2017-05-27

History / Edit / PDF / EPUB / BIB /
Created: May 27, 2017 / Updated: November 2, 2024 / Status: in progress / 2 min read (~392 words)
Machine learning

Today I wanted to do one-class classification, that is, determine whether a new set of observations belongs to a set of training data or not, without providing it with any negative examples. In my case, I gave it 247938 examples of characters from the NIST Special Database 19, which contains characters [A-Za-z0-9].

Initially I wanted to use sklearn.svm.OneClassSVM, but apparently my 28x28 images and the amount of examples I have is too large for it. on the Outlier detection with several methods, they also list sklearn.ensemble.IsolationForest as a method to do anomaly detection, which is what I tried next.

Initially, I provided IsolationForest with only positive examples. Upon testing it against random noise and characters, it returned the noise as 100% being outliers which was a good sign, but for some of the characters it returned them as outliers as well, which was odd, but whatever. Upon trying it out on some "real" data, I found out it was not really able to make the difference between characters and random drawings. Thus, I looked at IsolationForest to discover it has a 0.1 contamination value, meaning that 10% of the dataset used to fit is assumed to have outliers, which wasn't true in my case. I initially tried to set the contamination value to 0, but doing so would result in the noise examples being classified as inliners, which is not what I wanted.
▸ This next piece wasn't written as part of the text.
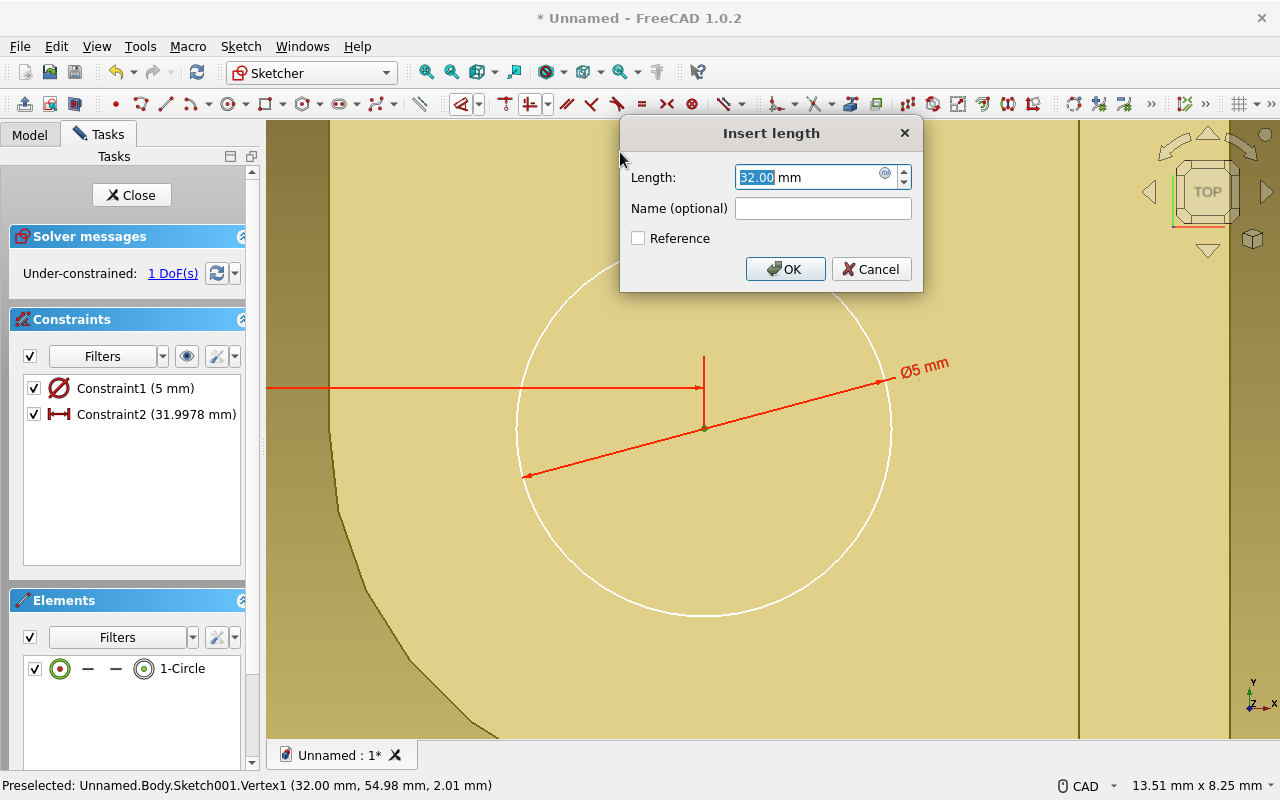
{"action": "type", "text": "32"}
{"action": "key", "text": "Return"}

The next step thus was to add a bit of noise examples, such that I would have about 0.1 contamination amount and then retrain using IsolationForest. At this point all the noise examples are properly classified as outliers and a small amount of inliners are misclassified as outliers, which is fine. However, once again, any sort of doodle would be considered as a character, which most likely meant that the decision boundary was considering these doodle as inliners instead of outliers, which would possibly mean I would need to generate additional negative examples to better define the boundary.